DATA LISTING =
____

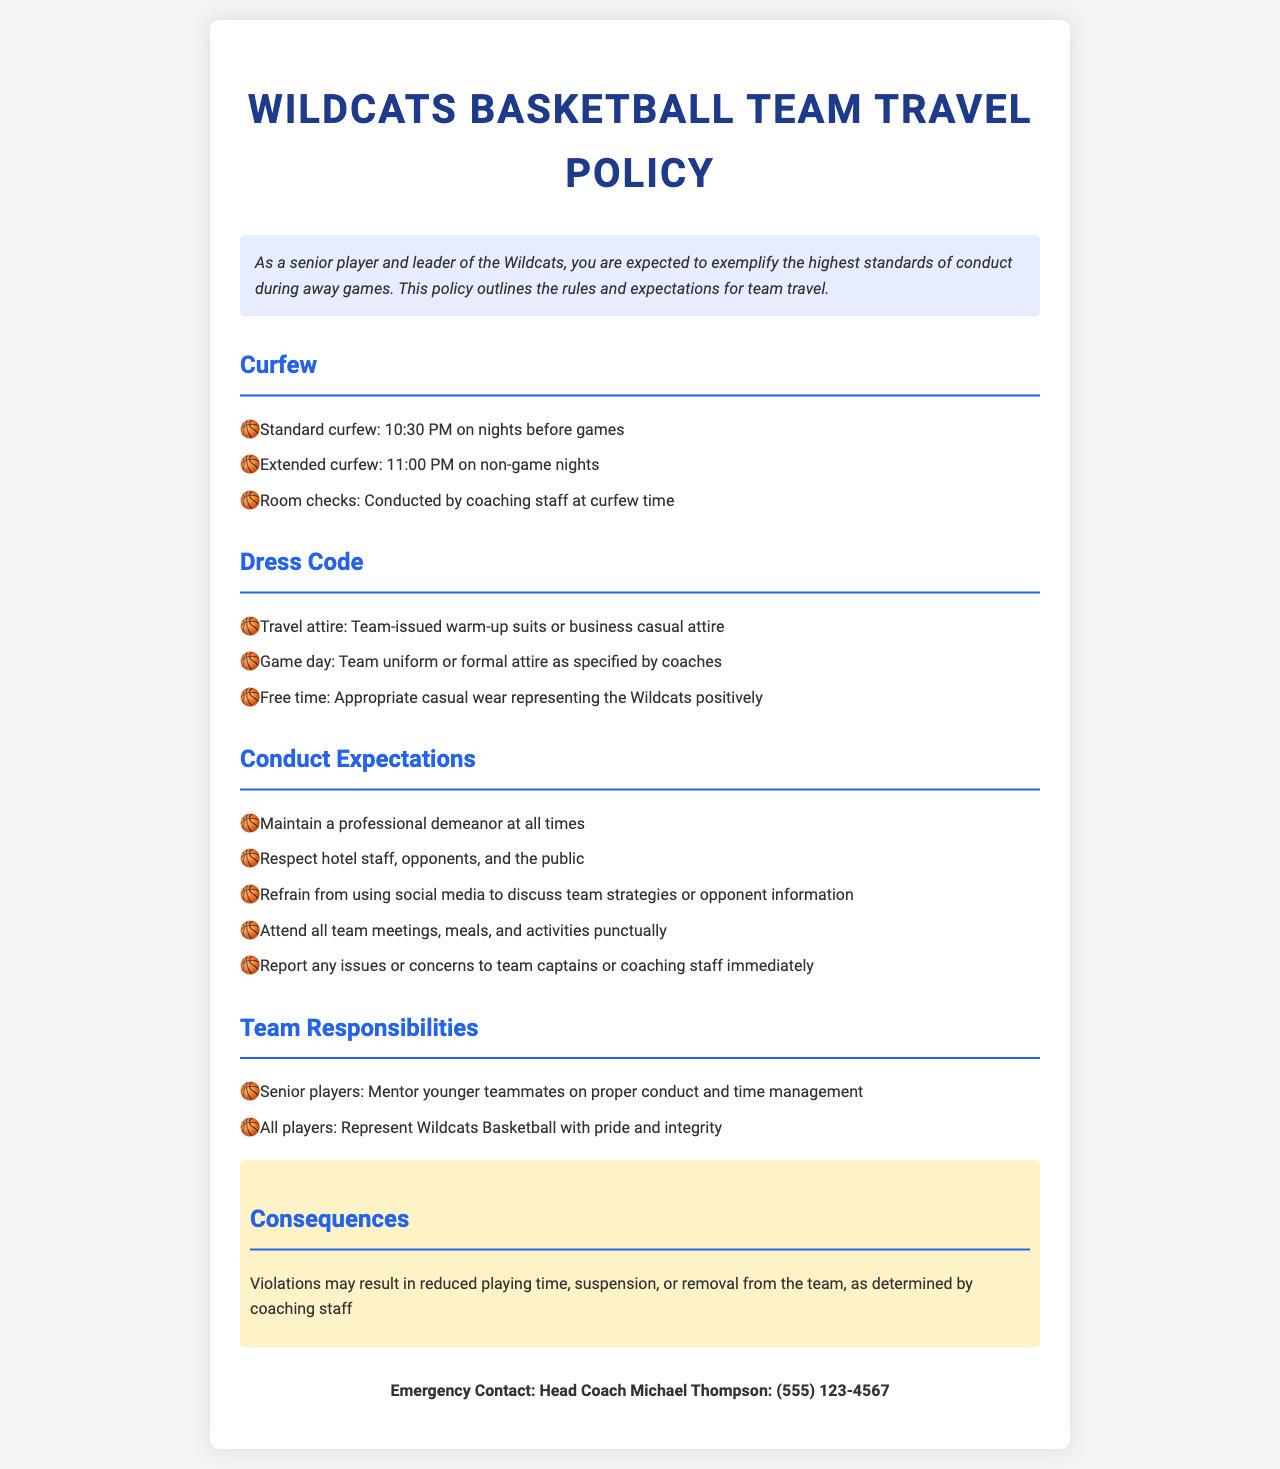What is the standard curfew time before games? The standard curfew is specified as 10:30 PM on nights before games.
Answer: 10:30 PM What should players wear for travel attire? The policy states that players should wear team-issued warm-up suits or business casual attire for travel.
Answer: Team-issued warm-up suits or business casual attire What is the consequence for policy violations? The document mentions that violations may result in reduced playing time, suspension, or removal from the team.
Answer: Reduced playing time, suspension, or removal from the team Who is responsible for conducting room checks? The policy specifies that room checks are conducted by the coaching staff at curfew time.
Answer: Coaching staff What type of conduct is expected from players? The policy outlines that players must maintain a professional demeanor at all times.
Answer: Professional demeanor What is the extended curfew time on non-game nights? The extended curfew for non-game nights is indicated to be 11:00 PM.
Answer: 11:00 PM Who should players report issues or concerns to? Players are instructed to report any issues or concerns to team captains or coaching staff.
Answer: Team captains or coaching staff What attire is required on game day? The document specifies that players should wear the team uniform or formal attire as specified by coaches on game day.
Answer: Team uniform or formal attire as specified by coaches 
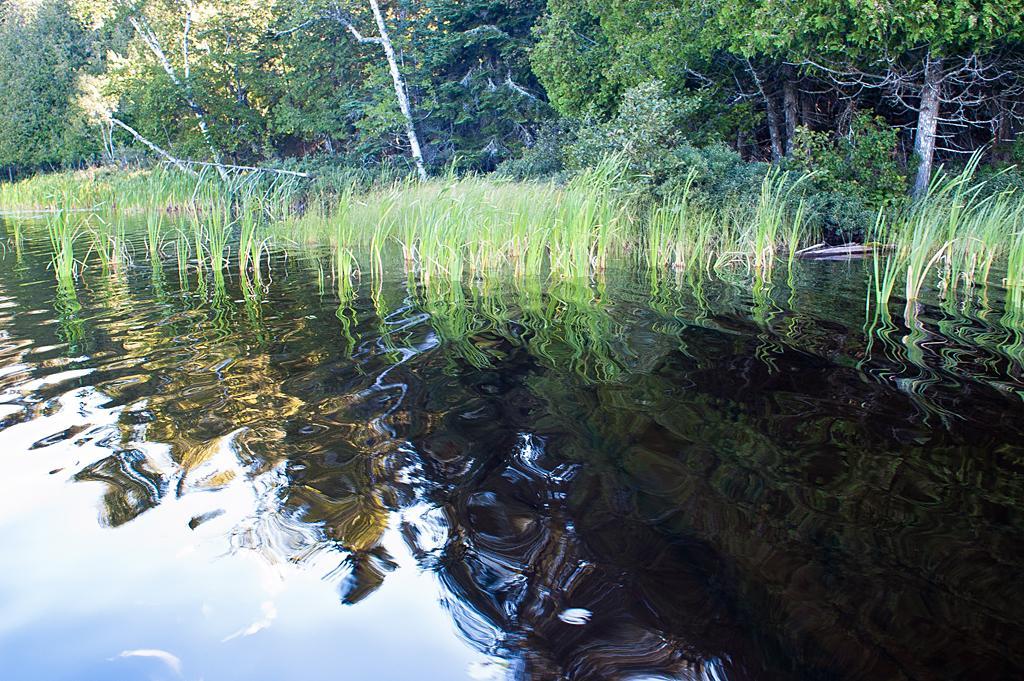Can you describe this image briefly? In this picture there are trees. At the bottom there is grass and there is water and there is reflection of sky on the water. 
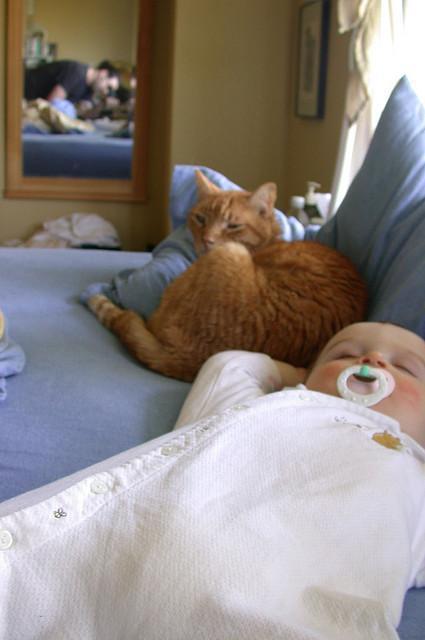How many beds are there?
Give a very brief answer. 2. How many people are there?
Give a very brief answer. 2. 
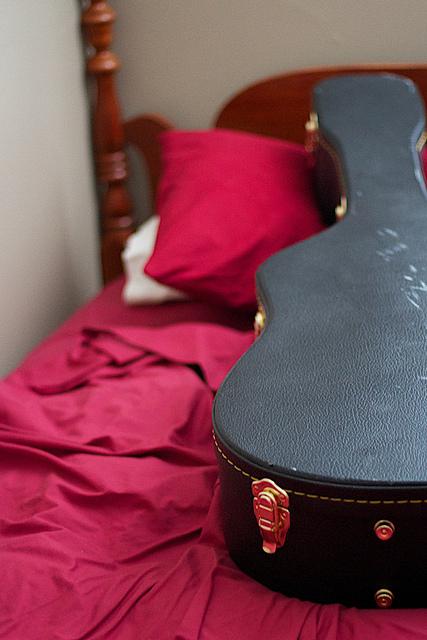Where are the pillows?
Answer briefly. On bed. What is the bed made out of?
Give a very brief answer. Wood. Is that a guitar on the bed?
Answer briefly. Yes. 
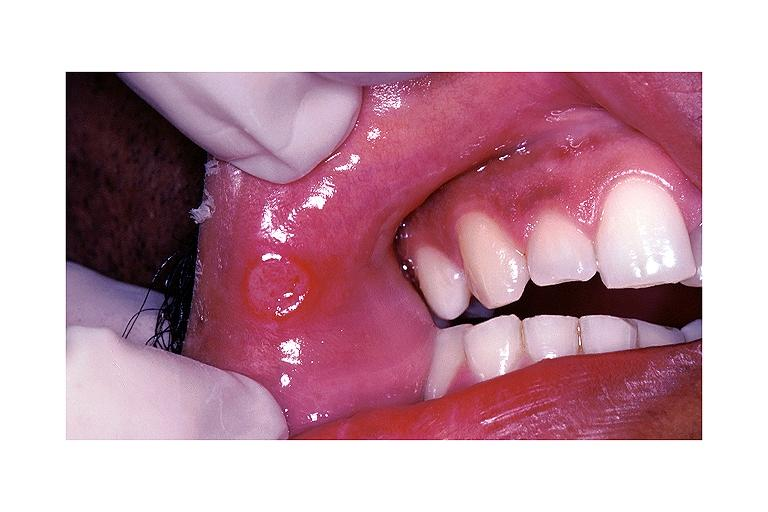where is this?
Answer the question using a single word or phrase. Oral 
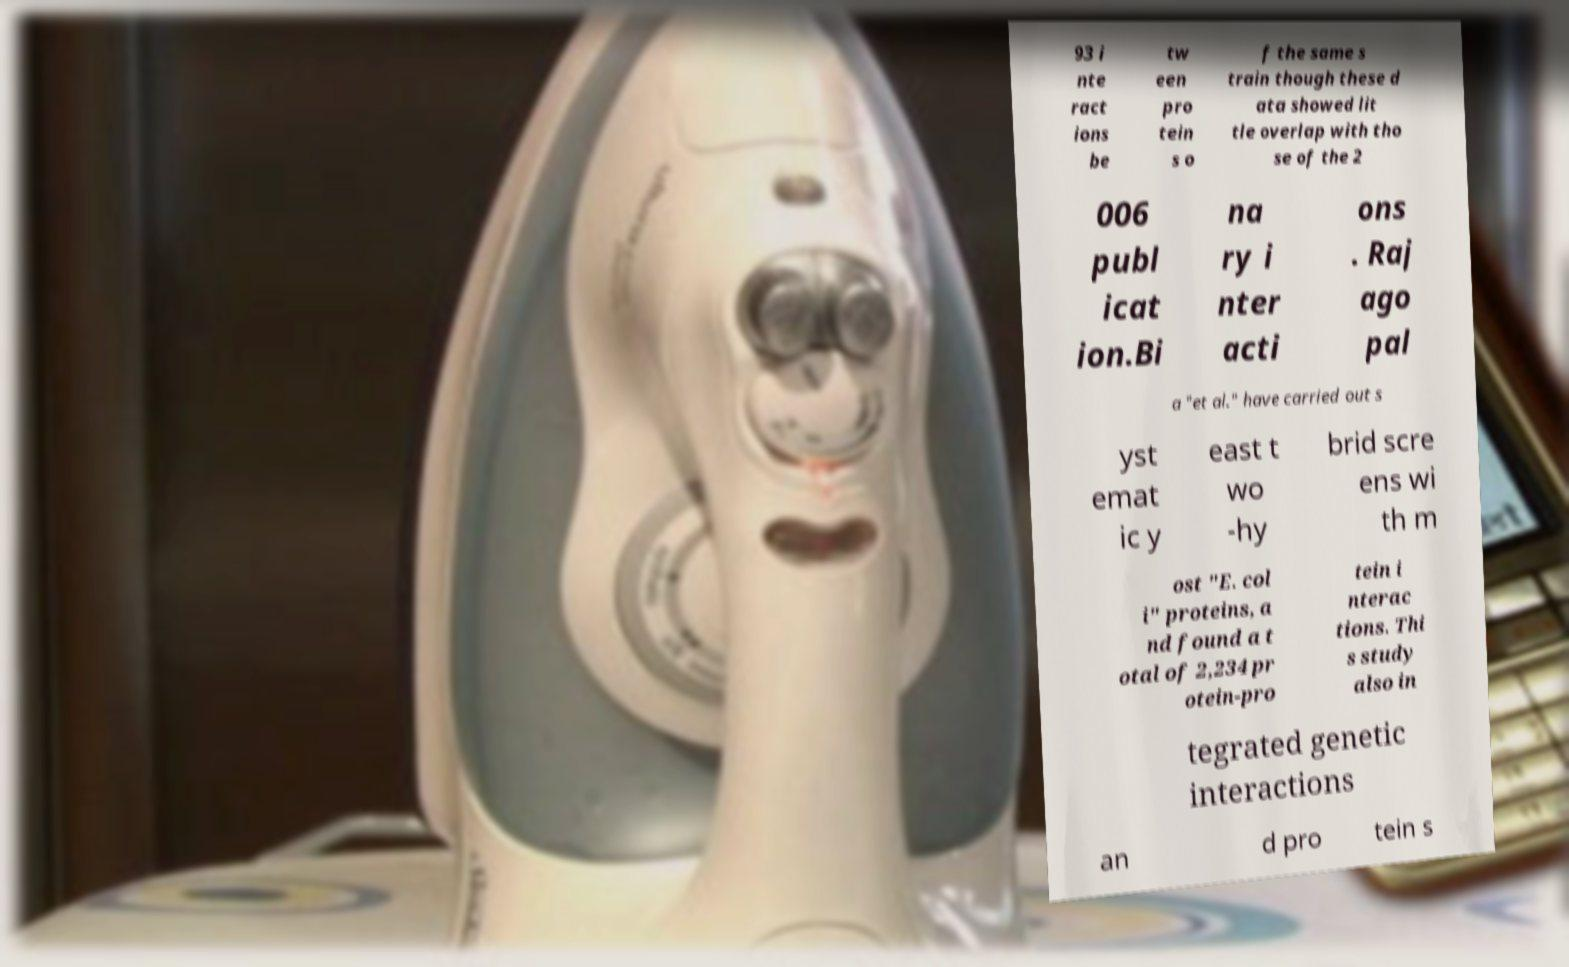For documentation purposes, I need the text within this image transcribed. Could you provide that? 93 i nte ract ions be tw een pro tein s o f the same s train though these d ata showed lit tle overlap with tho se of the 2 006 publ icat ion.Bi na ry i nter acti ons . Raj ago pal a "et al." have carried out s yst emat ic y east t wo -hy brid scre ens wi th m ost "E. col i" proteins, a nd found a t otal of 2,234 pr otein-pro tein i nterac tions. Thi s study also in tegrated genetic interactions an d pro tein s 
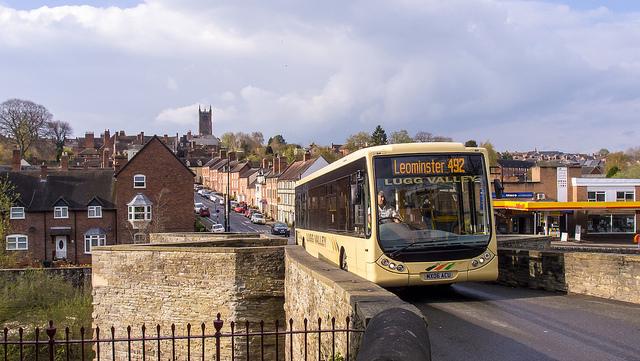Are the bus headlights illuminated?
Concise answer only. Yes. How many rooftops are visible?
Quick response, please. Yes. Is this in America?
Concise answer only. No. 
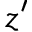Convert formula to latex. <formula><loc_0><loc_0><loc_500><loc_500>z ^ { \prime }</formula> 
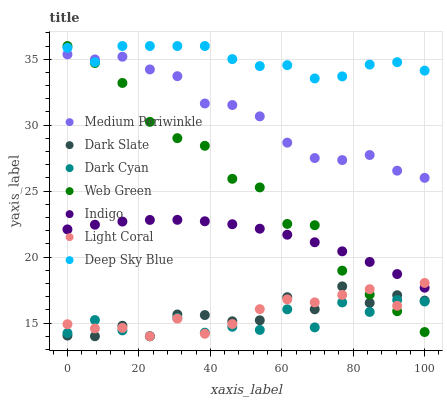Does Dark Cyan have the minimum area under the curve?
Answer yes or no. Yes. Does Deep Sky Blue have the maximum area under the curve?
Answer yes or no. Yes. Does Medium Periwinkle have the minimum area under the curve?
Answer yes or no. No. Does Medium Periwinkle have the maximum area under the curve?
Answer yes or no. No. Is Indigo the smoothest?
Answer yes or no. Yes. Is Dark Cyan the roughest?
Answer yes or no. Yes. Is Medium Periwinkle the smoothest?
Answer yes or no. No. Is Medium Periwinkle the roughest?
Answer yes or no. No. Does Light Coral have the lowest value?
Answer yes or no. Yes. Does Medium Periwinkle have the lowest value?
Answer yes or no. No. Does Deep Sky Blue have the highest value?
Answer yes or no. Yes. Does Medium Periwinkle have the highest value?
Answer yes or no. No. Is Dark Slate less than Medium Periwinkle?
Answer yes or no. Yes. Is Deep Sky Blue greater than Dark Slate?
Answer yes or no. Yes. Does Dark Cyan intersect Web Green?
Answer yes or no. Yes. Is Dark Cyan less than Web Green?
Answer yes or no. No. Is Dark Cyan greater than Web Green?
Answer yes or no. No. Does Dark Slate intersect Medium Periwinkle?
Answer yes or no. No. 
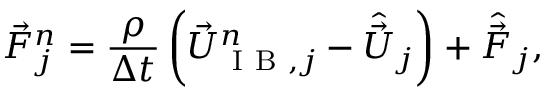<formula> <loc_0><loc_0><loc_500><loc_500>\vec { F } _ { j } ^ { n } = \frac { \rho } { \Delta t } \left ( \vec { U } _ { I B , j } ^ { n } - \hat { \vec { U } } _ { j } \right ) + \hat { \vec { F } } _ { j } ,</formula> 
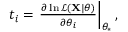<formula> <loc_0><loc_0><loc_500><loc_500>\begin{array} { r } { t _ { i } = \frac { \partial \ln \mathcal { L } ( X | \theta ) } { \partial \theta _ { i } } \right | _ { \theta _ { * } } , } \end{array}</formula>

____

WHAT YOU SHOULD DO = From the line with "Answer yes or no. Yes. Is Deep" to the last line above, restate each line word for word, but skip the pictures.

EXPECTED ANSWER =
Answer yes or no. Yes. Is Deep Sky Blue greater than Dark Slate?
Answer yes or no. Yes. Does Dark Cyan intersect Web Green?
Answer yes or no. Yes. Is Dark Cyan less than Web Green?
Answer yes or no. No. Is Dark Cyan greater than Web Green?
Answer yes or no. No. Does Dark Slate intersect Medium Periwinkle?
Answer yes or no. No. 
<formula> <loc_0><loc_0><loc_500><loc_500>\vec { F } _ { j } ^ { n } = \frac { \rho } { \Delta t } \left ( \vec { U } _ { I B , j } ^ { n } - \hat { \vec { U } } _ { j } \right ) + \hat { \vec { F } } _ { j } ,</formula> 
<formula> <loc_0><loc_0><loc_500><loc_500>\begin{array} { r } { t _ { i } = \frac { \partial \ln \mathcal { L } ( X | \theta ) } { \partial \theta _ { i } } \right | _ { \theta _ { * } } , } \end{array}</formula>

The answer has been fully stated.